Bigger buckyballs bolster superconductivity

30 Aug 2001

NB: The publication on which this article is based has been retracted by its authors. The retraction followed an investigation into scientific misconduct by J Hendrik Schön. We are leaving this article here for archival purposes. Further information can be found at http://physicsweb.org/article/news/6/9/15

Physicists have more than doubled the temperature at which carbon-60 - also known as the 'buckyball' - can behave as a superconductor. Bertram Batlogg and co-workers at Bell Laboratories in the US achieved the 'transition temperature' of 117 kelvin by adding a methane-based compound to the material. They believe that the increased transition temperature is due to an expansion of the crystal structure, and that it could exceed 150 kelvin if the crystal can be stretched just 1% further (J Schön et al 2001 Science 293 2432).

The temperature below which a material loses its resistance to electricity is known as its superconducting transition temperature. In an earlier experiment, Batlogg and colleagues eliminated electrical resistance from carbon-60 at 54 kelvin by adding positive ‘holes’ to it. But when they added tribromomethane, the resistance disappeared at the much higher temperature of 117 kelvin.

Carbon-60 molecules form a crystal with a face-centred cubic structure.

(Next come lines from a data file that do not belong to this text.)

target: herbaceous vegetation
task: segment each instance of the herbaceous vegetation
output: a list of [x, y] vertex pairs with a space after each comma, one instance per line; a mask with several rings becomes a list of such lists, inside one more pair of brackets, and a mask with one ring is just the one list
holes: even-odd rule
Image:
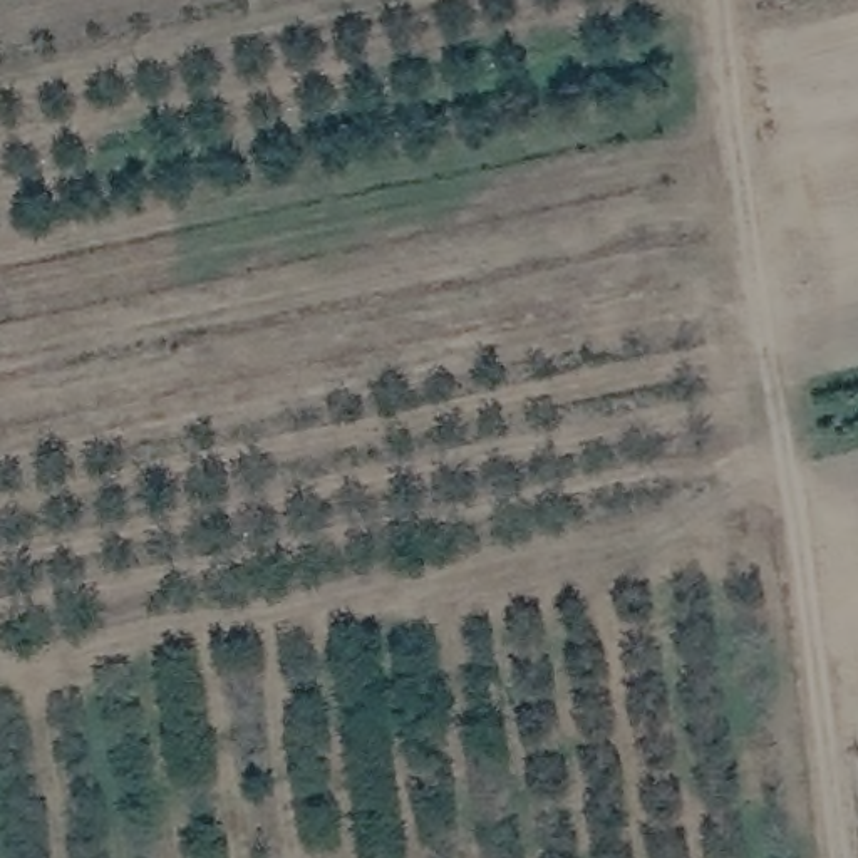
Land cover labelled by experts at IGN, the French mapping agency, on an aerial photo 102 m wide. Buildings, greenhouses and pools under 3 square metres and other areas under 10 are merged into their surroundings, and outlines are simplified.
[[322, 530], [288, 530], [278, 536], [278, 543], [285, 550], [325, 543], [345, 546], [345, 516], [328, 516]]
[[37, 583], [34, 590], [0, 597], [0, 623], [23, 610], [34, 610], [37, 603], [54, 603], [54, 587]]
[[801, 27], [818, 23], [824, 17], [858, 13], [858, 0], [741, 0], [734, 7], [737, 34], [764, 34], [771, 27]]
[[808, 459], [828, 459], [858, 449], [858, 426], [845, 436], [828, 432], [831, 416], [814, 416], [814, 399], [835, 392], [858, 392], [858, 369], [814, 382], [811, 392], [788, 409], [798, 452], [804, 452]]
[[[419, 841], [412, 791], [399, 788], [412, 781], [409, 761], [402, 751], [402, 737], [392, 737], [392, 774], [406, 835], [406, 858], [486, 858], [479, 851], [473, 828], [476, 821], [499, 821], [506, 814], [516, 814], [519, 821], [519, 845], [526, 858], [540, 858], [540, 835], [553, 831], [556, 811], [570, 811], [576, 851], [590, 851], [590, 821], [583, 808], [587, 774], [576, 747], [580, 727], [573, 721], [573, 690], [563, 657], [566, 630], [560, 620], [560, 607], [576, 597], [583, 597], [607, 657], [613, 744], [620, 751], [623, 771], [623, 841], [630, 845], [633, 858], [647, 858], [647, 811], [640, 801], [644, 757], [637, 747], [644, 724], [630, 724], [627, 714], [627, 677], [620, 650], [627, 633], [650, 633], [660, 647], [660, 674], [667, 684], [667, 714], [660, 721], [660, 731], [674, 737], [670, 764], [674, 778], [680, 781], [680, 828], [687, 835], [687, 858], [704, 858], [704, 804], [694, 794], [697, 754], [690, 747], [690, 737], [684, 734], [684, 704], [677, 687], [684, 667], [680, 654], [674, 650], [670, 617], [670, 576], [677, 570], [700, 570], [711, 587], [711, 613], [717, 627], [714, 674], [724, 690], [727, 737], [731, 747], [741, 754], [741, 791], [731, 798], [741, 818], [741, 845], [734, 858], [818, 858], [818, 804], [811, 784], [808, 731], [808, 694], [794, 647], [791, 563], [784, 546], [781, 489], [774, 476], [764, 389], [754, 365], [754, 345], [744, 325], [737, 318], [727, 318], [727, 305], [737, 302], [744, 292], [734, 268], [734, 198], [721, 158], [721, 141], [714, 131], [714, 114], [697, 101], [694, 67], [694, 57], [704, 50], [704, 0], [640, 0], [660, 10], [657, 27], [660, 47], [670, 54], [670, 80], [664, 94], [637, 94], [630, 111], [610, 111], [603, 101], [560, 107], [546, 104], [536, 107], [526, 127], [499, 131], [483, 147], [469, 147], [459, 137], [456, 121], [442, 127], [442, 137], [426, 151], [422, 161], [409, 158], [402, 131], [392, 131], [392, 137], [379, 147], [375, 161], [349, 161], [345, 171], [332, 174], [322, 168], [318, 158], [298, 151], [302, 164], [292, 171], [292, 178], [285, 184], [271, 184], [251, 151], [255, 127], [248, 101], [255, 94], [275, 94], [282, 104], [282, 121], [288, 127], [302, 127], [295, 87], [302, 84], [305, 90], [325, 90], [332, 97], [332, 111], [342, 114], [349, 104], [349, 67], [335, 54], [335, 20], [342, 13], [362, 13], [369, 20], [365, 64], [372, 67], [379, 87], [392, 87], [392, 74], [402, 70], [429, 70], [429, 101], [479, 94], [499, 84], [499, 67], [493, 54], [479, 54], [473, 60], [446, 60], [442, 30], [416, 34], [412, 54], [392, 57], [392, 44], [382, 27], [382, 7], [426, 7], [436, 0], [248, 0], [245, 13], [221, 13], [211, 20], [184, 23], [181, 7], [211, 0], [0, 0], [0, 509], [40, 509], [50, 496], [64, 493], [74, 493], [80, 499], [80, 519], [74, 530], [37, 530], [34, 536], [0, 543], [0, 566], [3, 560], [17, 560], [20, 550], [27, 550], [30, 560], [70, 550], [84, 560], [84, 583], [101, 600], [101, 623], [84, 640], [54, 640], [37, 647], [30, 657], [17, 657], [13, 650], [0, 647], [0, 687], [13, 687], [23, 700], [23, 714], [30, 724], [27, 761], [37, 791], [47, 798], [50, 858], [67, 858], [70, 781], [64, 764], [57, 764], [54, 757], [57, 727], [47, 717], [50, 690], [94, 684], [94, 694], [141, 700], [141, 707], [154, 707], [158, 690], [151, 657], [158, 654], [168, 660], [171, 650], [191, 644], [204, 680], [208, 721], [215, 727], [218, 774], [215, 781], [188, 784], [191, 791], [184, 798], [171, 798], [164, 804], [164, 818], [158, 828], [144, 831], [127, 824], [124, 835], [107, 835], [104, 841], [111, 858], [184, 858], [181, 831], [194, 814], [218, 818], [221, 835], [228, 841], [228, 858], [359, 858], [352, 835], [352, 794], [342, 754], [342, 707], [325, 657], [332, 620], [339, 627], [372, 630], [379, 637], [379, 664], [385, 674], [392, 670], [392, 623], [422, 620], [436, 630], [439, 640], [439, 667], [446, 674], [446, 687], [452, 697], [446, 711], [442, 751], [449, 754], [452, 768], [456, 818], [449, 841], [439, 841], [432, 851]], [[318, 74], [305, 74], [302, 80], [285, 64], [282, 47], [282, 30], [292, 23], [308, 23], [318, 30]], [[238, 77], [235, 40], [251, 34], [268, 44], [271, 67], [258, 77]], [[181, 121], [178, 137], [161, 137], [158, 131], [147, 131], [141, 124], [141, 117], [151, 111], [188, 107], [188, 84], [168, 87], [168, 94], [127, 94], [121, 104], [111, 107], [97, 107], [87, 101], [87, 80], [97, 70], [134, 74], [141, 60], [171, 64], [194, 47], [208, 47], [218, 60], [221, 77], [218, 84], [211, 84], [211, 94], [225, 101], [225, 124], [215, 121], [211, 127], [194, 131], [188, 121]], [[50, 80], [67, 84], [67, 114], [44, 114], [40, 87]], [[194, 181], [178, 208], [154, 194], [144, 194], [137, 215], [114, 211], [101, 221], [64, 221], [54, 225], [47, 235], [34, 238], [13, 228], [10, 211], [20, 181], [3, 171], [3, 147], [17, 141], [37, 151], [37, 168], [50, 198], [64, 194], [57, 184], [64, 178], [117, 171], [127, 158], [158, 161], [174, 154], [201, 154], [228, 141], [241, 151], [248, 184], [218, 188], [211, 181]], [[499, 359], [506, 369], [506, 382], [496, 389], [479, 385], [473, 379], [476, 359], [483, 365], [493, 365]], [[379, 416], [372, 382], [385, 369], [399, 369], [409, 379], [409, 385], [422, 385], [426, 375], [446, 369], [452, 372], [452, 395], [442, 402], [402, 409], [395, 416]], [[526, 422], [526, 402], [533, 395], [550, 395], [553, 402], [583, 399], [613, 389], [667, 382], [677, 369], [690, 369], [694, 379], [707, 382], [704, 395], [697, 399], [654, 406], [623, 399], [613, 402], [613, 416], [570, 412], [556, 429], [533, 429]], [[332, 419], [325, 395], [335, 389], [349, 389], [362, 399], [362, 416], [355, 422]], [[486, 436], [469, 446], [432, 446], [412, 456], [392, 456], [385, 442], [389, 432], [426, 432], [442, 416], [466, 419], [476, 416], [483, 406], [496, 402], [503, 406], [506, 436]], [[147, 540], [151, 533], [188, 530], [188, 469], [201, 466], [211, 456], [221, 463], [238, 459], [245, 452], [275, 456], [275, 476], [261, 489], [241, 486], [225, 496], [225, 513], [231, 516], [245, 503], [265, 503], [271, 509], [285, 506], [295, 489], [308, 489], [325, 499], [355, 479], [369, 493], [382, 493], [402, 473], [429, 476], [446, 466], [479, 469], [486, 459], [499, 456], [530, 459], [543, 446], [553, 446], [556, 452], [580, 452], [583, 442], [613, 442], [633, 426], [664, 436], [660, 459], [610, 466], [600, 473], [566, 479], [536, 479], [523, 489], [479, 489], [469, 503], [419, 503], [422, 519], [476, 523], [479, 540], [479, 550], [463, 553], [446, 566], [426, 566], [419, 576], [372, 566], [369, 573], [325, 580], [312, 590], [288, 590], [282, 600], [147, 613], [147, 593], [158, 590], [158, 583], [168, 573], [218, 573], [228, 563], [255, 560], [251, 546], [235, 543], [211, 556], [174, 556], [131, 570], [104, 566], [101, 546], [107, 536]], [[87, 473], [84, 449], [97, 439], [121, 442], [121, 469], [97, 476]], [[50, 459], [64, 449], [70, 459], [70, 476], [60, 483], [37, 486], [34, 452]], [[168, 469], [174, 493], [174, 506], [151, 516], [147, 503], [141, 499], [141, 476], [147, 469]], [[674, 483], [674, 496], [660, 506], [630, 506], [627, 513], [613, 513], [597, 506], [593, 499], [593, 489], [654, 486], [657, 479]], [[97, 519], [97, 493], [104, 486], [124, 486], [127, 519]], [[570, 523], [563, 533], [540, 533], [513, 546], [493, 540], [493, 509], [523, 506], [546, 493], [576, 496], [583, 506], [583, 519]], [[737, 603], [727, 597], [724, 580], [741, 576], [747, 570], [757, 570], [761, 576], [761, 603]], [[650, 617], [620, 620], [620, 613], [613, 610], [613, 597], [647, 587]], [[506, 644], [506, 620], [513, 620], [519, 610], [533, 610], [536, 603], [543, 630], [533, 640]], [[489, 700], [503, 714], [509, 747], [509, 761], [496, 771], [486, 771], [479, 761], [469, 764], [463, 747], [463, 664], [469, 660], [463, 623], [469, 613], [486, 613], [493, 627], [493, 664], [499, 674], [489, 680]], [[315, 664], [295, 667], [288, 677], [282, 677], [278, 637], [295, 627], [302, 627], [312, 637]], [[218, 670], [211, 647], [248, 640], [251, 630], [258, 630], [261, 637], [265, 667]], [[513, 677], [513, 657], [550, 657], [553, 684], [523, 687]], [[282, 741], [285, 700], [292, 690], [298, 697], [312, 697], [322, 690], [325, 700], [328, 794], [339, 804], [339, 848], [332, 851], [305, 851], [298, 838]], [[523, 741], [516, 724], [519, 700], [553, 700], [553, 727], [540, 737]], [[526, 754], [556, 747], [566, 757], [566, 794], [540, 798], [526, 784]]]
[[580, 40], [583, 17], [617, 17], [633, 0], [469, 0], [469, 27], [476, 44], [493, 44], [513, 34], [526, 47], [526, 67], [533, 84], [546, 84], [563, 60], [587, 60], [587, 47]]

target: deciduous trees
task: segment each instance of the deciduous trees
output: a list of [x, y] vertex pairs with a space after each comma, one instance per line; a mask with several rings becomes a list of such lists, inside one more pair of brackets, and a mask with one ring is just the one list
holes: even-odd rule
[[814, 416], [831, 416], [828, 432], [845, 436], [858, 426], [858, 392], [835, 392], [814, 399]]
[[385, 442], [392, 456], [412, 456], [432, 446], [469, 446], [486, 436], [506, 436], [503, 406], [496, 402], [483, 406], [476, 416], [466, 419], [442, 416], [426, 432], [389, 432]]
[[248, 0], [211, 0], [181, 7], [184, 23], [211, 20], [221, 13], [245, 13]]
[[533, 640], [543, 630], [536, 603], [533, 610], [519, 610], [513, 620], [506, 620], [506, 644]]
[[506, 814], [499, 821], [476, 821], [473, 828], [479, 851], [486, 858], [526, 858], [519, 845], [519, 821], [516, 814]]
[[349, 389], [335, 389], [325, 395], [332, 419], [355, 422], [362, 416], [362, 399]]
[[516, 724], [523, 741], [540, 737], [553, 727], [553, 700], [519, 700]]
[[566, 757], [556, 747], [526, 754], [526, 784], [540, 798], [566, 794]]
[[13, 687], [0, 687], [0, 858], [50, 858], [47, 798], [37, 791], [27, 761], [30, 724], [23, 714], [23, 700]]
[[647, 587], [613, 597], [613, 610], [620, 613], [620, 620], [650, 617]]
[[184, 858], [228, 858], [228, 841], [221, 835], [218, 818], [194, 814], [181, 831]]
[[141, 499], [147, 503], [151, 516], [174, 506], [174, 493], [168, 469], [147, 469], [141, 476]]
[[670, 576], [670, 617], [674, 650], [680, 654], [684, 667], [677, 687], [684, 704], [684, 734], [690, 737], [690, 747], [697, 754], [694, 794], [704, 804], [704, 858], [734, 858], [741, 845], [741, 818], [731, 798], [741, 791], [741, 754], [731, 747], [727, 737], [724, 690], [714, 674], [717, 627], [711, 613], [711, 587], [700, 570], [677, 570]]
[[526, 402], [526, 422], [533, 429], [556, 429], [570, 412], [613, 416], [613, 402], [623, 399], [654, 406], [697, 399], [704, 395], [707, 382], [694, 379], [690, 369], [677, 369], [667, 382], [613, 389], [583, 399], [553, 402], [550, 395], [533, 395]]
[[412, 791], [419, 841], [432, 851], [439, 841], [449, 841], [456, 818], [452, 768], [449, 754], [442, 751], [446, 711], [452, 697], [446, 687], [446, 674], [439, 667], [439, 640], [436, 630], [422, 620], [392, 623], [392, 670], [385, 674], [379, 664], [379, 637], [372, 630], [339, 627], [332, 620], [325, 657], [342, 707], [342, 754], [352, 794], [352, 835], [359, 858], [406, 858], [406, 835], [392, 774], [392, 737], [402, 737], [402, 751], [409, 761], [412, 781], [399, 788]]
[[101, 600], [84, 583], [84, 560], [70, 550], [30, 560], [27, 550], [20, 550], [17, 560], [3, 560], [0, 566], [0, 597], [34, 590], [37, 583], [54, 587], [54, 603], [37, 603], [34, 610], [23, 610], [0, 623], [0, 647], [13, 650], [17, 657], [30, 657], [37, 647], [54, 640], [84, 640], [101, 623]]
[[124, 486], [104, 486], [97, 493], [97, 519], [127, 519]]
[[151, 111], [141, 117], [141, 124], [147, 131], [158, 131], [161, 137], [178, 137], [181, 121], [188, 121], [194, 131], [211, 127], [215, 121], [225, 124], [225, 101], [211, 94], [211, 84], [218, 84], [221, 77], [218, 60], [208, 47], [194, 47], [171, 64], [141, 60], [134, 74], [97, 70], [87, 80], [87, 101], [97, 107], [111, 107], [121, 104], [127, 94], [168, 94], [168, 87], [188, 84], [188, 107]]
[[322, 168], [332, 174], [345, 171], [349, 161], [375, 161], [379, 147], [392, 137], [392, 131], [402, 131], [409, 158], [422, 161], [426, 151], [442, 137], [442, 127], [456, 121], [459, 137], [469, 147], [483, 147], [499, 131], [526, 127], [536, 107], [546, 104], [560, 107], [603, 101], [610, 111], [630, 111], [637, 94], [664, 94], [670, 80], [670, 54], [660, 47], [657, 27], [660, 10], [640, 0], [633, 0], [617, 17], [583, 17], [580, 40], [587, 47], [587, 60], [563, 60], [546, 84], [533, 84], [526, 67], [526, 47], [513, 34], [493, 44], [476, 44], [469, 27], [469, 0], [436, 0], [426, 7], [382, 7], [382, 27], [392, 44], [392, 57], [412, 54], [416, 34], [442, 30], [446, 60], [473, 60], [479, 54], [493, 54], [499, 67], [499, 84], [479, 94], [429, 101], [429, 70], [402, 70], [392, 74], [392, 87], [379, 87], [372, 67], [365, 64], [369, 20], [362, 13], [342, 13], [335, 20], [335, 54], [349, 67], [349, 104], [342, 114], [332, 111], [332, 97], [325, 90], [305, 90], [302, 84], [295, 87], [302, 127], [288, 127], [282, 121], [282, 104], [275, 94], [255, 94], [248, 101], [255, 127], [251, 151], [271, 184], [285, 184], [292, 178], [292, 171], [302, 164], [298, 151], [318, 158]]
[[0, 543], [34, 536], [37, 530], [74, 530], [80, 519], [80, 499], [74, 493], [64, 493], [50, 496], [40, 509], [0, 509]]
[[509, 761], [509, 747], [503, 714], [489, 700], [489, 680], [499, 674], [493, 664], [493, 627], [486, 613], [469, 613], [463, 623], [469, 660], [463, 664], [463, 747], [469, 764], [479, 761], [486, 771], [496, 771]]
[[523, 687], [553, 684], [550, 657], [513, 657], [513, 677]]
[[121, 469], [121, 442], [97, 439], [84, 449], [87, 473], [97, 476]]
[[576, 597], [560, 607], [560, 620], [566, 630], [563, 657], [573, 690], [573, 721], [580, 727], [576, 747], [587, 774], [583, 808], [590, 821], [590, 851], [576, 851], [570, 811], [556, 811], [553, 831], [540, 835], [540, 858], [633, 858], [630, 845], [623, 841], [623, 771], [620, 751], [613, 744], [607, 657], [583, 597]]
[[570, 523], [583, 519], [583, 506], [576, 496], [546, 493], [523, 506], [493, 509], [493, 540], [513, 546], [540, 533], [563, 533]]
[[312, 637], [302, 627], [295, 627], [278, 637], [282, 677], [288, 677], [295, 667], [315, 664]]
[[308, 23], [292, 23], [282, 30], [282, 47], [285, 64], [302, 80], [305, 74], [318, 74], [318, 30]]
[[[325, 499], [308, 489], [295, 489], [285, 506], [271, 509], [265, 503], [245, 503], [231, 516], [225, 513], [225, 496], [241, 486], [261, 489], [275, 476], [275, 456], [245, 452], [238, 459], [221, 463], [211, 456], [201, 466], [188, 469], [188, 530], [151, 533], [147, 540], [107, 536], [101, 546], [104, 566], [131, 570], [174, 556], [211, 556], [235, 543], [251, 546], [255, 560], [228, 563], [218, 573], [168, 573], [158, 583], [158, 590], [147, 593], [147, 613], [282, 600], [288, 590], [312, 590], [325, 580], [369, 573], [372, 566], [419, 576], [426, 566], [446, 566], [463, 553], [479, 550], [479, 540], [476, 523], [422, 519], [419, 503], [469, 503], [479, 489], [523, 489], [536, 479], [566, 479], [600, 473], [610, 466], [660, 459], [664, 436], [633, 426], [613, 442], [583, 442], [580, 452], [556, 452], [553, 446], [543, 446], [530, 459], [499, 456], [486, 459], [479, 469], [446, 466], [429, 476], [402, 473], [382, 493], [369, 493], [355, 479]], [[345, 546], [325, 543], [285, 550], [278, 543], [278, 536], [288, 530], [322, 530], [328, 516], [345, 516]]]
[[215, 781], [218, 774], [215, 727], [208, 721], [204, 680], [191, 644], [171, 650], [168, 660], [158, 654], [151, 657], [158, 690], [154, 707], [141, 707], [141, 700], [94, 694], [94, 684], [50, 690], [47, 717], [57, 727], [54, 757], [57, 764], [64, 764], [70, 781], [67, 858], [111, 858], [104, 841], [107, 835], [124, 835], [127, 824], [144, 831], [158, 828], [164, 818], [164, 804], [171, 798], [184, 798], [191, 791], [188, 784]]
[[34, 452], [37, 486], [60, 483], [70, 476], [70, 459], [64, 449], [50, 459]]
[[379, 416], [395, 416], [402, 409], [442, 402], [452, 395], [452, 372], [446, 369], [426, 375], [422, 385], [409, 385], [409, 379], [399, 369], [385, 369], [372, 382]]
[[218, 670], [265, 667], [261, 637], [258, 630], [251, 630], [248, 640], [211, 647]]
[[251, 34], [235, 40], [238, 77], [258, 77], [271, 67], [268, 44]]
[[687, 858], [687, 835], [680, 828], [680, 781], [674, 778], [670, 764], [674, 737], [660, 731], [660, 721], [667, 714], [667, 684], [660, 674], [660, 647], [650, 633], [627, 633], [620, 650], [627, 677], [627, 714], [630, 724], [644, 724], [637, 747], [644, 757], [640, 801], [647, 811], [647, 858]]
[[757, 570], [747, 570], [741, 576], [724, 580], [727, 597], [737, 603], [761, 603], [761, 576]]
[[47, 235], [54, 225], [64, 221], [101, 221], [114, 211], [137, 215], [144, 194], [154, 194], [178, 208], [194, 181], [211, 181], [218, 188], [248, 184], [241, 151], [228, 141], [201, 154], [174, 154], [158, 161], [127, 158], [117, 171], [64, 178], [57, 184], [64, 194], [50, 198], [37, 168], [37, 151], [17, 141], [3, 147], [3, 171], [20, 181], [10, 211], [13, 228], [34, 238]]
[[499, 359], [493, 365], [483, 365], [476, 359], [473, 379], [479, 385], [496, 389], [506, 382], [506, 369]]
[[67, 114], [67, 84], [50, 80], [40, 87], [44, 114]]
[[674, 483], [657, 479], [654, 486], [593, 489], [593, 499], [597, 506], [613, 513], [627, 513], [630, 506], [660, 506], [674, 496]]
[[339, 804], [328, 794], [325, 700], [322, 690], [312, 697], [298, 697], [292, 690], [285, 700], [282, 741], [298, 838], [305, 851], [332, 851], [339, 848]]

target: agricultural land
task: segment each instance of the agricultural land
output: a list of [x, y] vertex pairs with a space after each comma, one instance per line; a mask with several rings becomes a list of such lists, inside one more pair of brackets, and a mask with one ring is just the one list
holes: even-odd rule
[[727, 47], [714, 50], [717, 60], [731, 60], [731, 107], [714, 114], [714, 131], [721, 141], [721, 158], [734, 198], [734, 268], [744, 292], [737, 302], [727, 305], [727, 318], [737, 318], [744, 325], [754, 345], [754, 365], [764, 389], [774, 476], [781, 489], [784, 546], [791, 563], [794, 647], [808, 694], [808, 731], [824, 724], [824, 737], [838, 737], [838, 744], [858, 757], [858, 449], [828, 459], [808, 459], [804, 452], [798, 452], [788, 409], [811, 392], [814, 382], [858, 369], [858, 13], [824, 17], [818, 23], [801, 27], [771, 27], [764, 34], [737, 34], [727, 37]]

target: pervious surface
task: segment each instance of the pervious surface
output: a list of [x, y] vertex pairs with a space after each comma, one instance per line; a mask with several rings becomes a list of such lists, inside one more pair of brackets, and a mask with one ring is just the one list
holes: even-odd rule
[[824, 737], [824, 724], [808, 731], [811, 784], [818, 804], [818, 858], [858, 858], [858, 757], [838, 744], [838, 737]]
[[714, 50], [727, 47], [727, 37], [737, 34], [734, 7], [741, 0], [704, 0], [704, 50], [694, 57], [694, 67], [697, 101], [714, 114], [731, 107], [731, 60], [717, 60]]

Its lattice constant – the separation of the centres of two adjacent molecules – is 1.417 nanometres. When trichloromethane was added to the molecule, this stretched to 1.428 nanometres and the transition temperature reached about 70 kelvin. But when tribromomethane was added, the lattice constant grew to 1.443 nanometres, and superconductivity persisted up to 117 kelvin.

As these results show, the transition temperature of carbon-60 increases linearly with lattice constant, and Batlogg’s team believes that boosting this constant is the key to achieving superconductivity at higher temperatures. But this will be a challenge: the weak electrostatic attractions that bind the carbon-60 crystal lattice – known as van der Waals forces – will rapidly weaken even further as the carbon-60 molecules accept larger neutral molecules.

This work is the latest in a string of experiments conducted by Batlogg and colleagues into the intriguing properties of carbon-60. The electron-phonon interactions thought to give rise to its superconductivity are dominant inside individual molecules of carbon-60. But the electronic ‘density of states’ of the material – which helps to determine how well it conducts electricity – is associated with the bulk material.